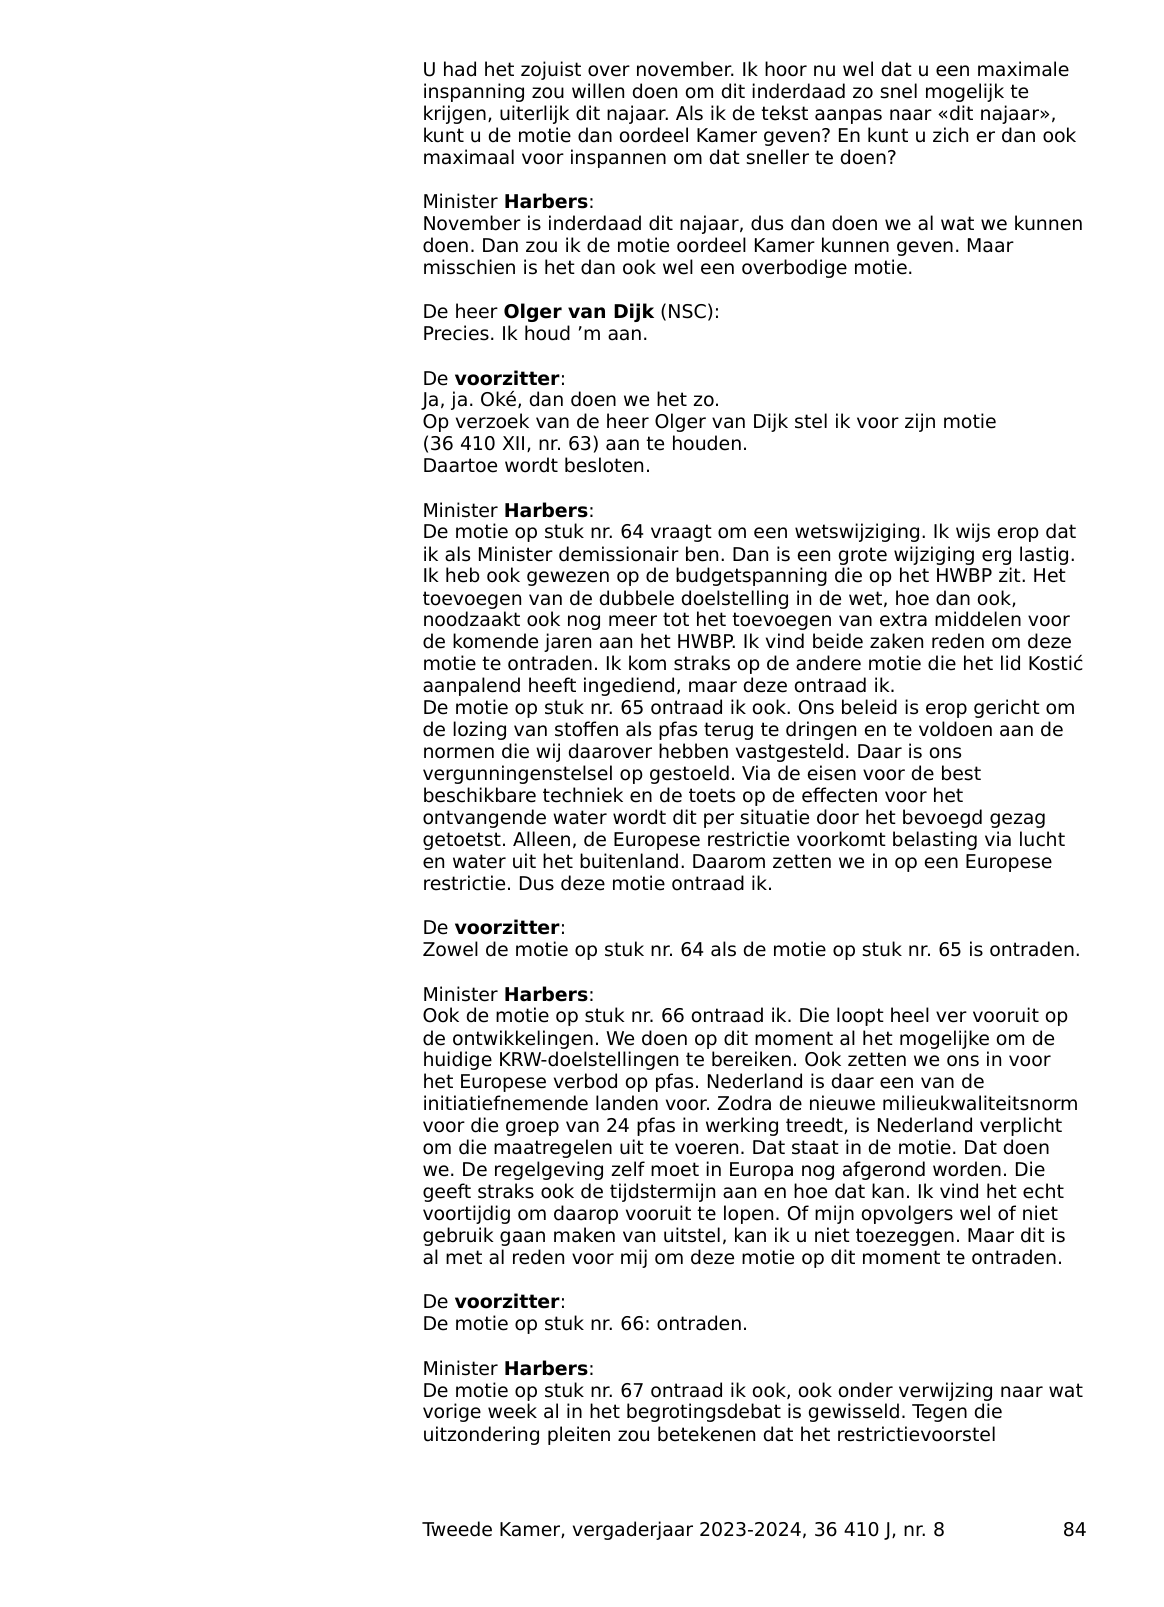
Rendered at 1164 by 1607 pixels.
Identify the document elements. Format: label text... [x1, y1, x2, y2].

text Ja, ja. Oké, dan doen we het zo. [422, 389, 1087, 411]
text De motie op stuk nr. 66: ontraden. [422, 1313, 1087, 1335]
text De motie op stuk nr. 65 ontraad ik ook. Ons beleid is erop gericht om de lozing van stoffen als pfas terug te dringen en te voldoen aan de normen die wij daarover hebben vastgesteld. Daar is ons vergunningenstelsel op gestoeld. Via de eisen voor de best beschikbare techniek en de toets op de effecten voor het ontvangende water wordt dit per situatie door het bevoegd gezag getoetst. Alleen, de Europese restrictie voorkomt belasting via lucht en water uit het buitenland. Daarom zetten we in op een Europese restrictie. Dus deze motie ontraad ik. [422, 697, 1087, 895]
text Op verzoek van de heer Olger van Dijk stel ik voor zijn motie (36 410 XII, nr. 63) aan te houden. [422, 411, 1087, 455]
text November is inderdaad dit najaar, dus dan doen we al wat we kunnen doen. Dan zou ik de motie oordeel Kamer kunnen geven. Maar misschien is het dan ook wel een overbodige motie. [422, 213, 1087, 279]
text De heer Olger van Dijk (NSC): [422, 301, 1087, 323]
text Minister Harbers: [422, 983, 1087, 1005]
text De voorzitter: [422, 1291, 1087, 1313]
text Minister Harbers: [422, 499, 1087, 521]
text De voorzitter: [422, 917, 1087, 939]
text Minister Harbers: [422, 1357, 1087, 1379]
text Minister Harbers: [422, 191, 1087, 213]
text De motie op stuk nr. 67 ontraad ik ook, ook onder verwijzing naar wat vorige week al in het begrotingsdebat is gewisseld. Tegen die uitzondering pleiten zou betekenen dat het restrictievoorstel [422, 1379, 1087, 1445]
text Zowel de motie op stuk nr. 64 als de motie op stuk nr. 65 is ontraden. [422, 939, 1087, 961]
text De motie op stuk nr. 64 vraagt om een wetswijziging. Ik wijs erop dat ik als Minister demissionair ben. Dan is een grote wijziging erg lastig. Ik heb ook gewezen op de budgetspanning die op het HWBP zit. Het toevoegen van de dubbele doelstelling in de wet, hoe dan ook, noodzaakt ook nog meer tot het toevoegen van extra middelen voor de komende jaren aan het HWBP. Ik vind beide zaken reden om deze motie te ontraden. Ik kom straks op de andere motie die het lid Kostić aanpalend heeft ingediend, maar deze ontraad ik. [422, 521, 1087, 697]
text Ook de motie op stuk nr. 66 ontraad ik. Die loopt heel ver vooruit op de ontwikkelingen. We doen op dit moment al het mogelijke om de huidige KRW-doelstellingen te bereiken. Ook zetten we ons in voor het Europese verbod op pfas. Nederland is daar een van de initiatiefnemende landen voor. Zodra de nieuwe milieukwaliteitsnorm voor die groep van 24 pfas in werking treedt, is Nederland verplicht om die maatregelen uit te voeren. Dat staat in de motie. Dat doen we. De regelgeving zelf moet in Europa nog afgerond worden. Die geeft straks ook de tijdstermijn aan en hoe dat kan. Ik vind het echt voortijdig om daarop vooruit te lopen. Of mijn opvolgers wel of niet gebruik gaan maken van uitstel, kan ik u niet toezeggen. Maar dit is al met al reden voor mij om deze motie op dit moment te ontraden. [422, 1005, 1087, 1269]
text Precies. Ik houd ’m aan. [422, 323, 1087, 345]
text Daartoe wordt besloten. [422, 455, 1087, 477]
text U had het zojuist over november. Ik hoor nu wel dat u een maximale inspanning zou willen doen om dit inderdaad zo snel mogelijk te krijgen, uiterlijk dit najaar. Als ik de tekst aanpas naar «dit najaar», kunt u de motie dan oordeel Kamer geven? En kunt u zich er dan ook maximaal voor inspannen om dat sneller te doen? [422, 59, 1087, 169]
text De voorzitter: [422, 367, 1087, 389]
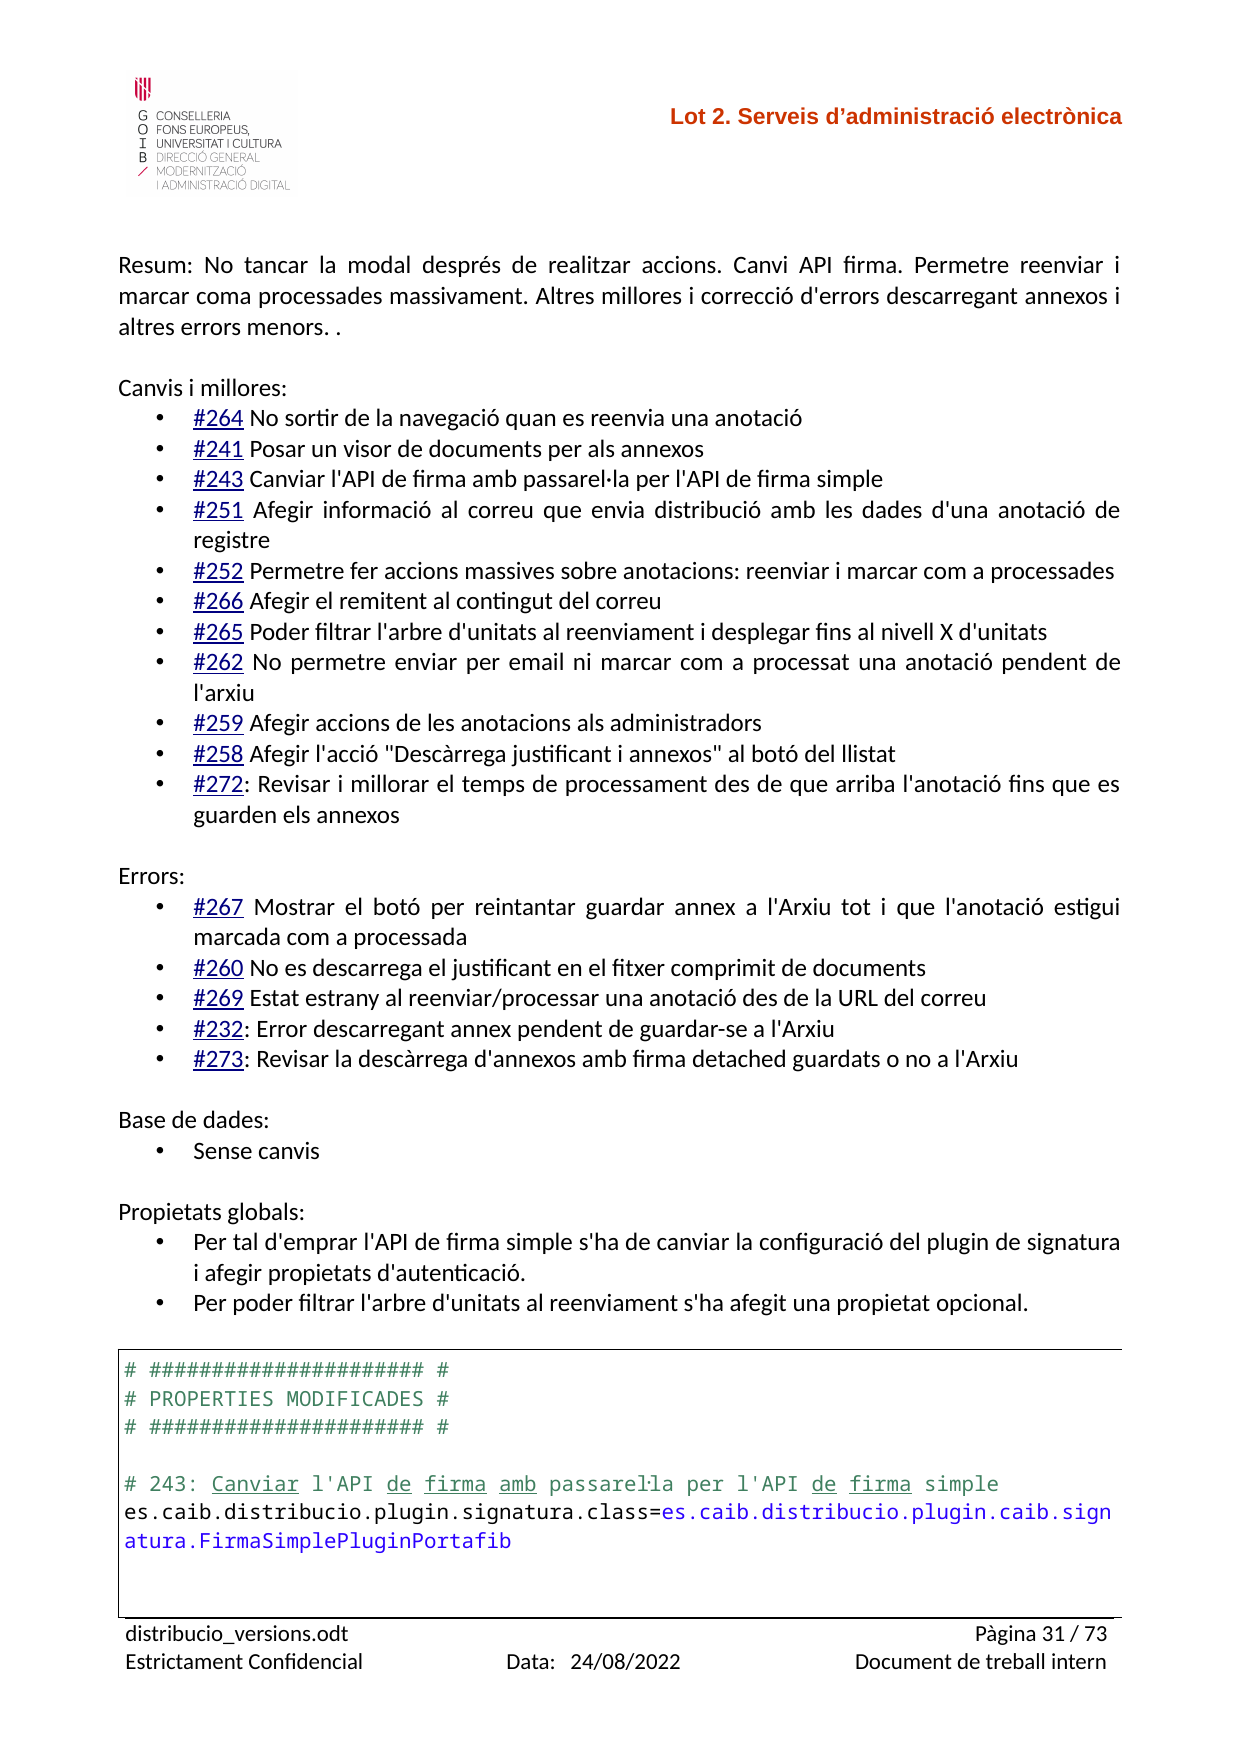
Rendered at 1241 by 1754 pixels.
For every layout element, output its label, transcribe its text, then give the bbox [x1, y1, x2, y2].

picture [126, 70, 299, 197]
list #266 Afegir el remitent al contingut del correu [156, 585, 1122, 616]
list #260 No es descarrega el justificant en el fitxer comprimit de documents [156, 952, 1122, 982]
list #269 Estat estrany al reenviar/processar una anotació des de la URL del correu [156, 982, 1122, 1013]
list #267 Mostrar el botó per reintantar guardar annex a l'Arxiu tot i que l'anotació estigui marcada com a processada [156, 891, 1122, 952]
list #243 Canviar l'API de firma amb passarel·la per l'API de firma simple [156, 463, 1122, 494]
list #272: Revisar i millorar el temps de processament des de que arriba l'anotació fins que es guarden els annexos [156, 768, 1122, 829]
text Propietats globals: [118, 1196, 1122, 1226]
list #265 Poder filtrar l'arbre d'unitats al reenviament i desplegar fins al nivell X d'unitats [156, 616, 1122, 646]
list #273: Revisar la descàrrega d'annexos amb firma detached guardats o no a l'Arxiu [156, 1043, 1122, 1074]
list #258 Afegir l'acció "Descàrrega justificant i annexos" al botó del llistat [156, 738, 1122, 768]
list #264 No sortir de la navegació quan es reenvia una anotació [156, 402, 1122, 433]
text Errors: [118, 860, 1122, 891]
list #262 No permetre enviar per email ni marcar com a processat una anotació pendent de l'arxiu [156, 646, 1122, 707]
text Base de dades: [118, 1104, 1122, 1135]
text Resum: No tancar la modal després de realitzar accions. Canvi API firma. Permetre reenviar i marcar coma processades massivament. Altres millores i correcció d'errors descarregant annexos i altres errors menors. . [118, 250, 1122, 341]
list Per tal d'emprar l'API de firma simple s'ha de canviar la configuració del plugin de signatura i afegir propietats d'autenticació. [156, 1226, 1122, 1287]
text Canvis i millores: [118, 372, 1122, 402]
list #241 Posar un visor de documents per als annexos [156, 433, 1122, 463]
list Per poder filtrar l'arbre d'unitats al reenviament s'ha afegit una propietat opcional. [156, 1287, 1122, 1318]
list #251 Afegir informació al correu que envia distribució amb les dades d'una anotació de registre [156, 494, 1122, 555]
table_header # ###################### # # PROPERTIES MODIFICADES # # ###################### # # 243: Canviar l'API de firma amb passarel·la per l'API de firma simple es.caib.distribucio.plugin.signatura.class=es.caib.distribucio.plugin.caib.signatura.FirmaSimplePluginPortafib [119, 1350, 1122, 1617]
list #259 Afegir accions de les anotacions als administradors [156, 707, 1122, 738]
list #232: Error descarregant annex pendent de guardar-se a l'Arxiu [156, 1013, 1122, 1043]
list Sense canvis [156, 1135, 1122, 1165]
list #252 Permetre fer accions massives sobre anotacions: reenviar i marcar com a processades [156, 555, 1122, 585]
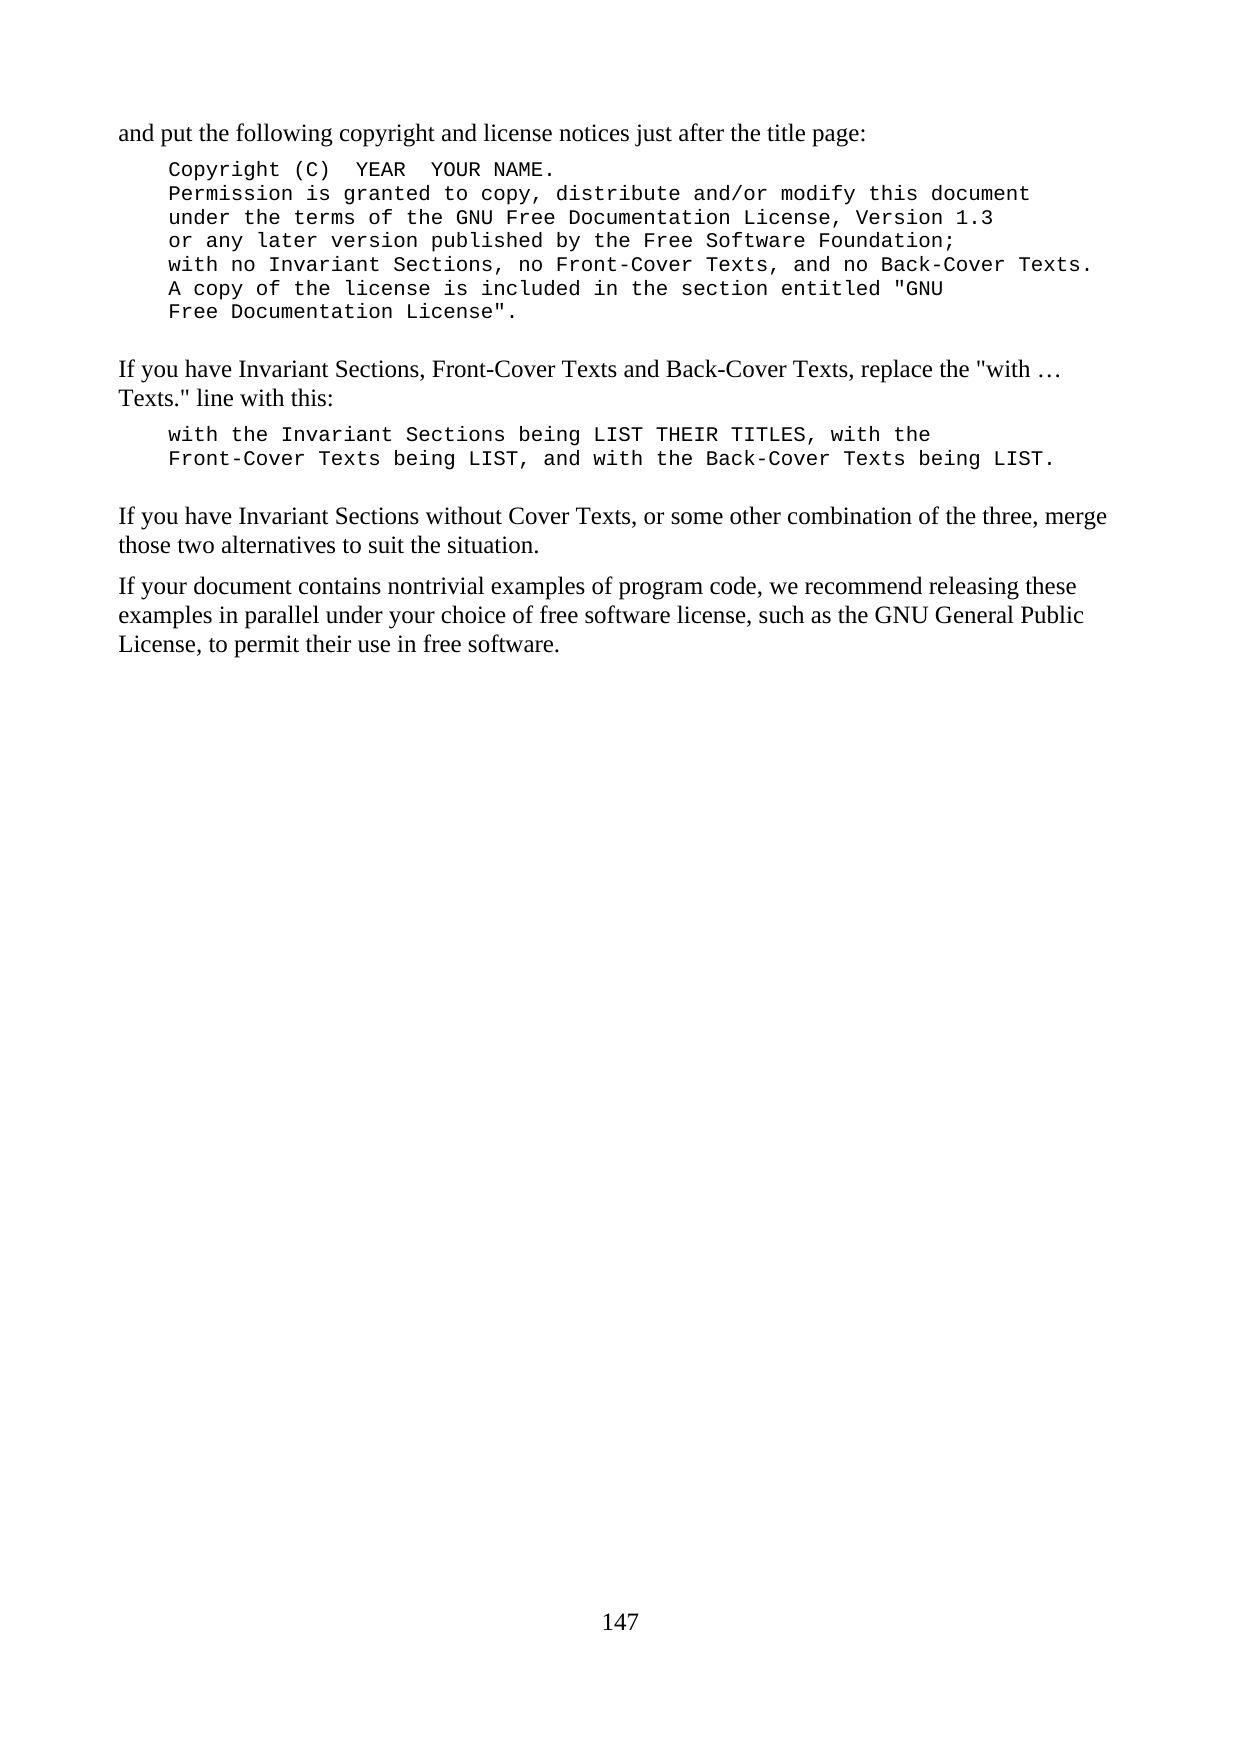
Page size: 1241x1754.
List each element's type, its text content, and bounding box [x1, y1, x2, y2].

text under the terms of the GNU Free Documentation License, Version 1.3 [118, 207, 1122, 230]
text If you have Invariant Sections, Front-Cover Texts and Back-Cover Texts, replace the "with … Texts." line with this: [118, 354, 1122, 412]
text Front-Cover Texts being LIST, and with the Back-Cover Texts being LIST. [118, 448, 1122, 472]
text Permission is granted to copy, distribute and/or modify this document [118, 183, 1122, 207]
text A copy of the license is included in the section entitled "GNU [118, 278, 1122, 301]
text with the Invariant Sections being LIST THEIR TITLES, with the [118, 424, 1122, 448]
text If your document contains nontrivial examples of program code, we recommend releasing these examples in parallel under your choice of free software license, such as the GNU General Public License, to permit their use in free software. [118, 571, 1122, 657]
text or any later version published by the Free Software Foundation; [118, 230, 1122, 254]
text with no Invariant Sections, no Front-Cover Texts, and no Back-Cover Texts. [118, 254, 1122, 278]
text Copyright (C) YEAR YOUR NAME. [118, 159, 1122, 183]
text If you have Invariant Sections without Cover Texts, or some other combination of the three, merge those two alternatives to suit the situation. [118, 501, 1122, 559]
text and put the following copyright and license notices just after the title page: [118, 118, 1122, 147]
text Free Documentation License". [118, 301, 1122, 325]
* * *
Task objective: Will you return exactly the lines above from the one with "text under the" down to the one with "text Permission is", counting both as part of the range?

Your response:
text under the terms of the GNU Free Documentation License, Version 1.3 [118, 207, 1122, 230]
text If you have Invariant Sections, Front-Cover Texts and Back-Cover Texts, replace the "with … Texts." line with this: [118, 354, 1122, 412]
text Front-Cover Texts being LIST, and with the Back-Cover Texts being LIST. [118, 448, 1122, 472]
text Permission is granted to copy, distribute and/or modify this document [118, 183, 1122, 207]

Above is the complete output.